• _Work task_: Look through the data below for the string "InsertIntoInterpreter", and copy every line where it turns up.

(Beginning of Data shown)

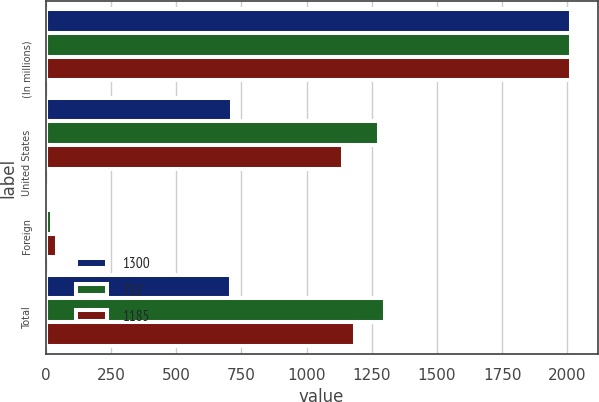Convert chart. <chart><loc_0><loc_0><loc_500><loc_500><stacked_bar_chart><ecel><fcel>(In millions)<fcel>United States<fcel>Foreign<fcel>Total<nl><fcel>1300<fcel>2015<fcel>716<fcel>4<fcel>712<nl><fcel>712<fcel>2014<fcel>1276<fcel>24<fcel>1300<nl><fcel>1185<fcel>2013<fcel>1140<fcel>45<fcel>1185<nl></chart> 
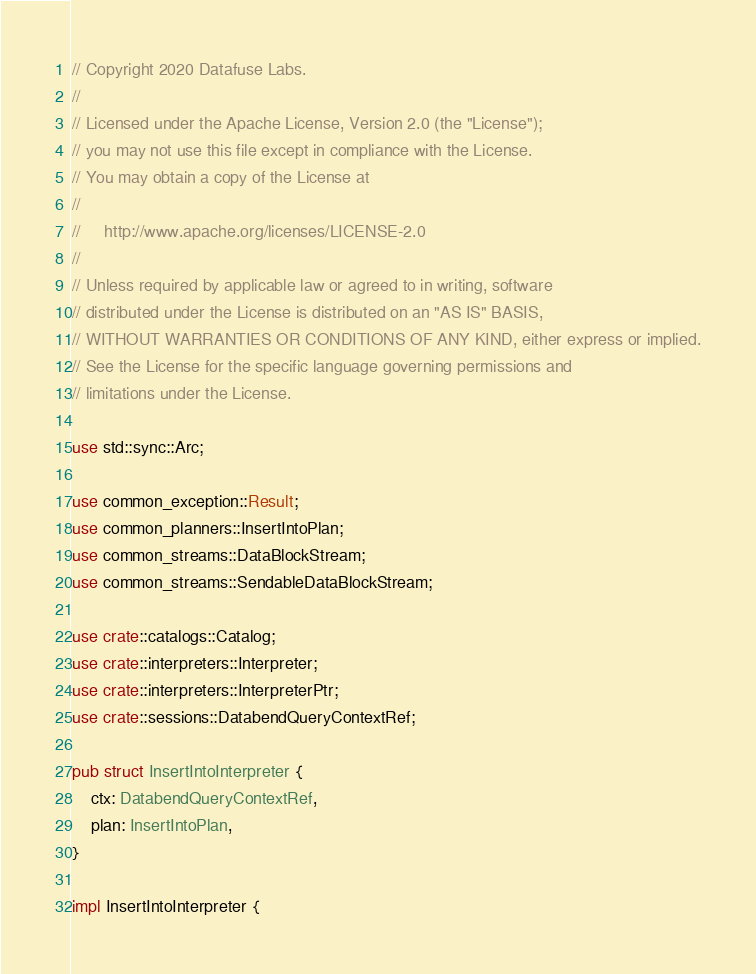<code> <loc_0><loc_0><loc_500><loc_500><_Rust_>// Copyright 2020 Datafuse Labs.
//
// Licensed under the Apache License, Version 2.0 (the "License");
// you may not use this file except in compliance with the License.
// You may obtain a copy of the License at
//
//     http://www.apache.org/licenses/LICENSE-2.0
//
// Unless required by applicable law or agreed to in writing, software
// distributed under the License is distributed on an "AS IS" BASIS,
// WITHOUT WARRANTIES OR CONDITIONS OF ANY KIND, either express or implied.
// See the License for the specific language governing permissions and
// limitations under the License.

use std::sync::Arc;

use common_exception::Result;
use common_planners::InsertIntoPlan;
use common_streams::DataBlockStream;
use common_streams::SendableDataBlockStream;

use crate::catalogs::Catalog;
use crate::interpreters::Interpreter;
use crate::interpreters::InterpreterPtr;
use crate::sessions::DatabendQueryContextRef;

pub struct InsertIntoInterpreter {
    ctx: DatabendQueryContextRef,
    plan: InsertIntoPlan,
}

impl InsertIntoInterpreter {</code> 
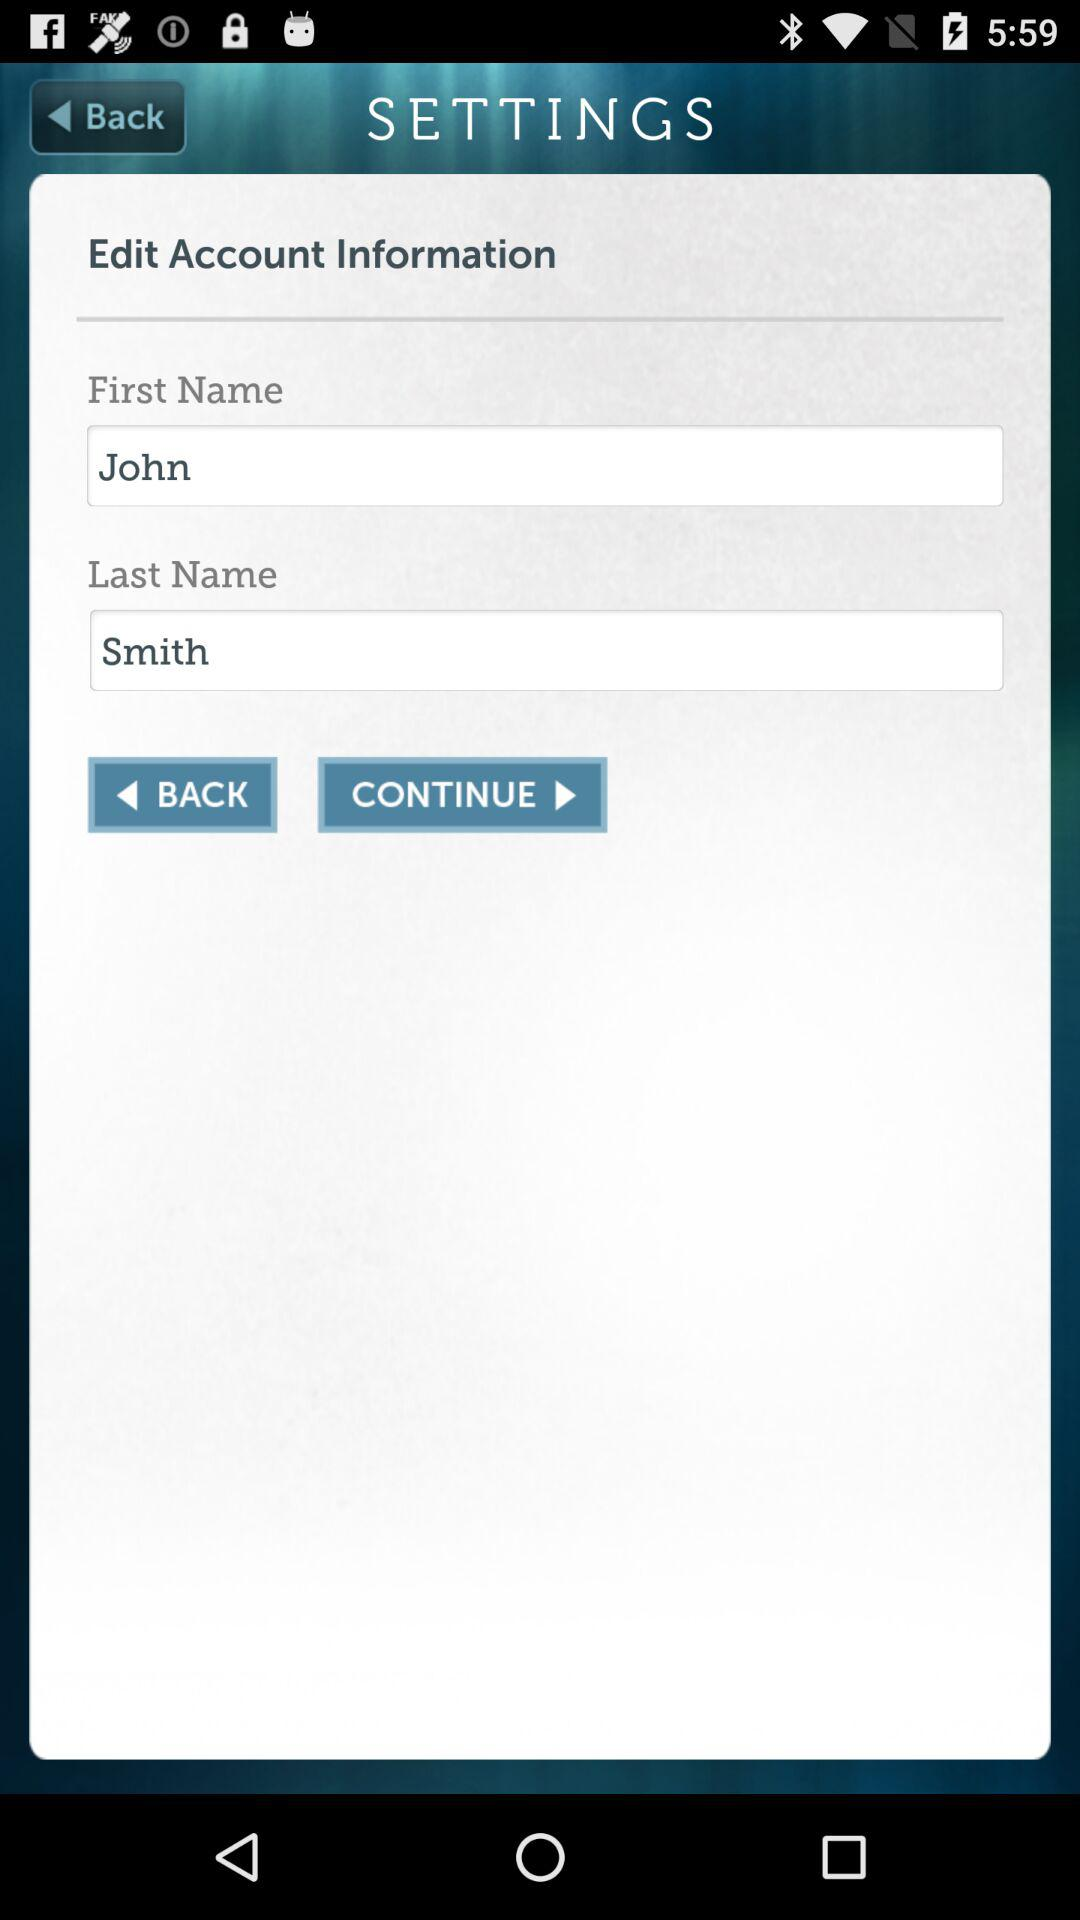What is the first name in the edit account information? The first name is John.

(End of Data shown)

• _Response for this exercise_:
pub struct InsertIntoInterpreter {
impl InsertIntoInterpreter {</code> 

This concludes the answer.